I am in the process of sorting through a family estate that contains a lot of tools. One of the items I have is a 90s era Vermont American router table (model 23467) with extensions. I would include a photo, but I am not yet permitted to do that, being a new member.

A question for the group. It seems that I'm missing the power switch box key for this router table. I consulted the owners manual, which makes a brief reference to the key. The images in the manual don't clearly show the key, only the knob that is visible on the exterior of the power switch box. A lengthy google search has been of no help.

Can anyone direct me to a detailed photo or illustration of this key? Just so I know what to look for as I sort and organize this giant tool collection. Many thanks.


----------



## TwoSkies57 (Feb 23, 2009)

Welcome to the community Peep...

here is a link to VA "contact us" page....

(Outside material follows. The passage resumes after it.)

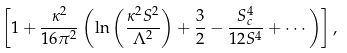<formula> <loc_0><loc_0><loc_500><loc_500>\left [ 1 + \frac { \kappa ^ { 2 } } { 1 6 \pi ^ { 2 } } \left ( \ln \left ( \frac { \kappa ^ { 2 } S ^ { 2 } } { \Lambda ^ { 2 } } \right ) + \frac { 3 } { 2 } - \frac { S _ { c } ^ { 4 } } { 1 2 S ^ { 4 } } + \cdots \right ) \right ] ,</formula> 
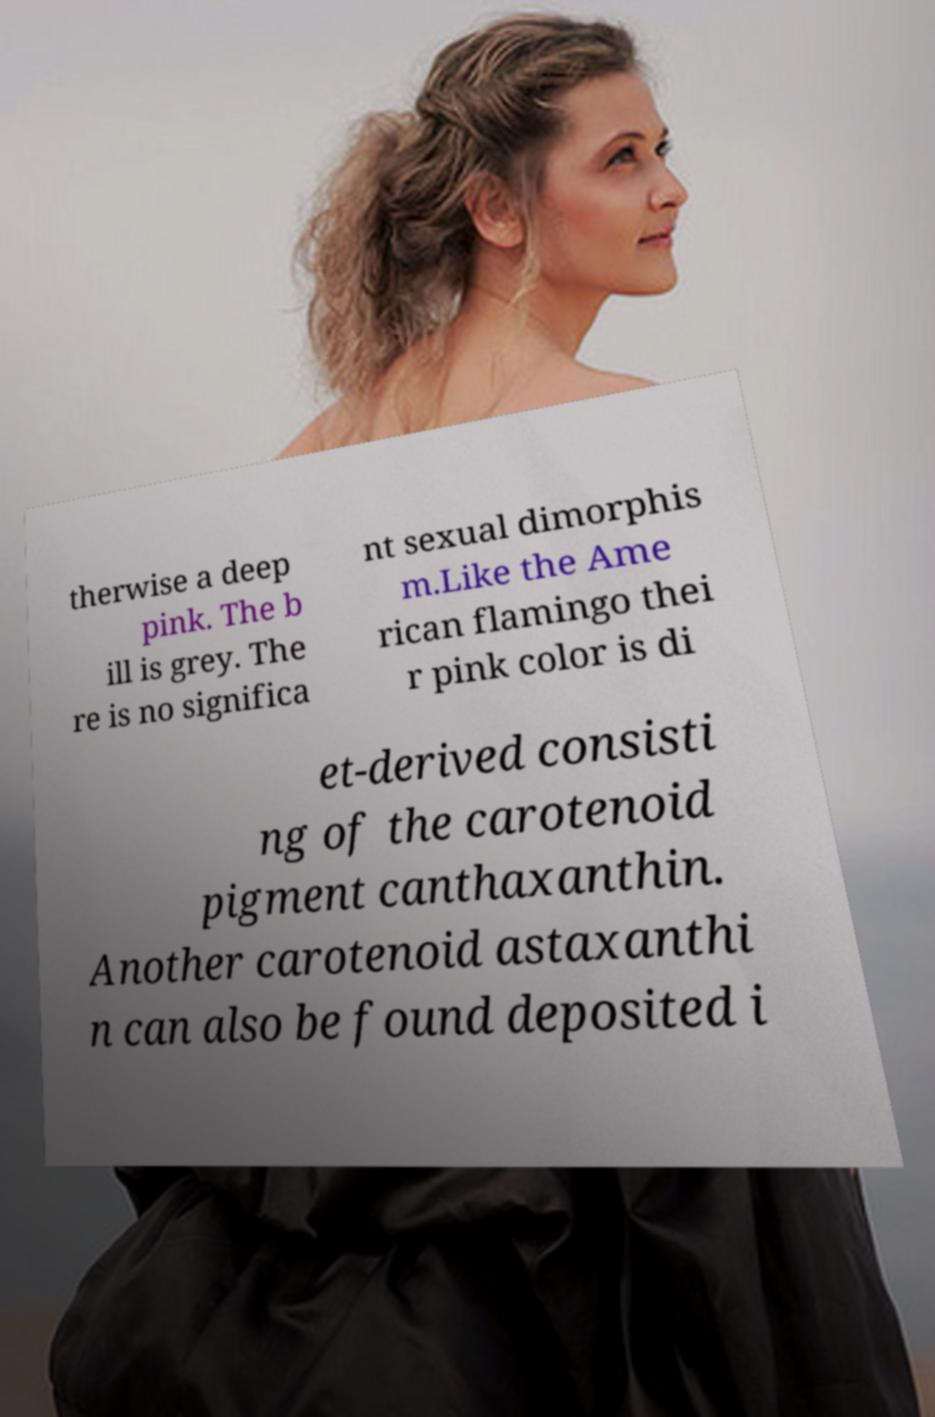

Contact Us | Vermont American


----------



## Semipro (Mar 22, 2013)

Hello and welcome ,you can post pictures provided they are on your hard drive of your computer


----------



## jw2170 (Jan 24, 2008)

Welcome to the forum.

Just a reminder that you do not need 10 posts to upload your photos from your PC to the forums. Click the go advanced button and you will find a button that says manage attachments. Select this and you will be able to upload your photos.

The restriction on posting URL's to web sharing sites....


----------



## peep (Jun 12, 2014)

Okay, thanks. I had the impression that photos were off limits to new members.

Here is a photo of my 90s era router table, and a close-up of the switch box (sans mystery key).


----------



## jw2170 (Jan 24, 2008)

I would remove the old switch and replace it with a new safety switch.


----------



## BCK (Feb 23, 2014)

welcome aboard...


----------